Currently, Media Lab Europe has 20 full-time employees, and Burger expects that the lab will eventually employ 200 to 250 people. "I have a strong bias toward bringing in young people that are at the beginning of their careers, highly ambitious, visionary and are looking for a career-defining experience," Burger says. With four principal researchers hired already - two of whom are Irish expats - he hopes that they will attract the necessary graduate students and interns, and that critical mass will start to build.
The third major project that the government has undertaken is a long-term plan to lure world-class researchers to Ireland with comprehensive grants in key strategic areas, such as biotechnology and information and communications technology.
The Technology Foresight Fund, for which US$600 million has been set aside by the Irish Parliament, will support small numbers of researchers and their teams for a three- to five-year period. The fund is designed to upgrade the level of technical research, a problem identified in ICSTI's analysis. "We were not in the high-level bracket in terms of research excellence in the country," says Conor O'Carroll, senior policy adviser to Forfas, Ireland's national advisory board for enterprise, trade, science, technology and innovation. "If we want to create companies in this country and encourage indigenous industry to get involved in high-level research, the way we have to do it is by supporting high-level research in Ireland."

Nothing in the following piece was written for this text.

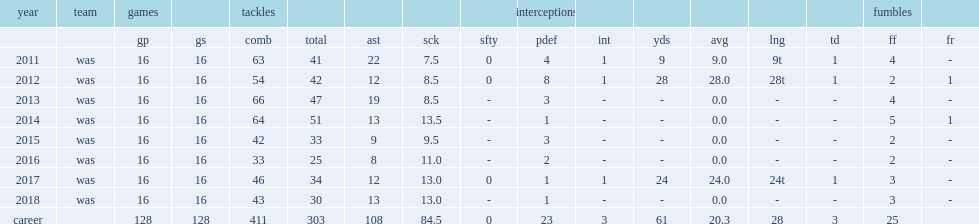How many sacks did kerrigan record in his career? 84.5.

Within the research community, deals like these don't come along too often. Unlike fellowships or project grants, which usually cover only some salaries and equipment costs, these Foresight grants - up to US$1.2 million a year - will cover the full costs associated with running a research team of 10 to 12 people for five years. This includes salaries, equipment, travel and materials. The comprehensive packages free researchers from endless rounds of begging for funding. Forfas also discourages fundees from teaching, a time-consuming task that many undertake to buttress their slim research grants. This allows researchers to focus solely on their projects, and "it makes them ours," O'Carroll says, an important benefit for a country that is trying to attract and grow its own cadre of talented scientists and researchers.
In its first call, the fund received 77 proposals from researchers in Australia, Canada, France, Germany, Ireland, Slovakia, the United Kingdom and the United States - just the sort of diversity it was hoping for. "When you think about it, what [the researchers] are saying is that if successful, they will move lock, stock and barrel over to Ireland for five years. And that's what we want," O'Carroll says. If everything goes well, they'll want to stay and perhaps pursue further research through the fund.
Because the goal is to get Ireland on the map in terms of scientific and technological research, only world-class individuals will receive funding. The fund's board of assessors rated applicants on a scale that ranged from fair to outstanding and chose only those scientists who were stars within the top 10 percent of their field. "We don't want the excellent; we don't want anything below that. We're setting the mark at outstanding," O'Carroll says. They care as much - if not more - about the calibre and potential of the researcher as they do about the specific research proposal. "The [research assessors] might come back to us and say, 'We've got 42 proposals in bio, but nobody is outstanding there,'" he says. "Fine. That's the way it is. We only fund if the quality is there."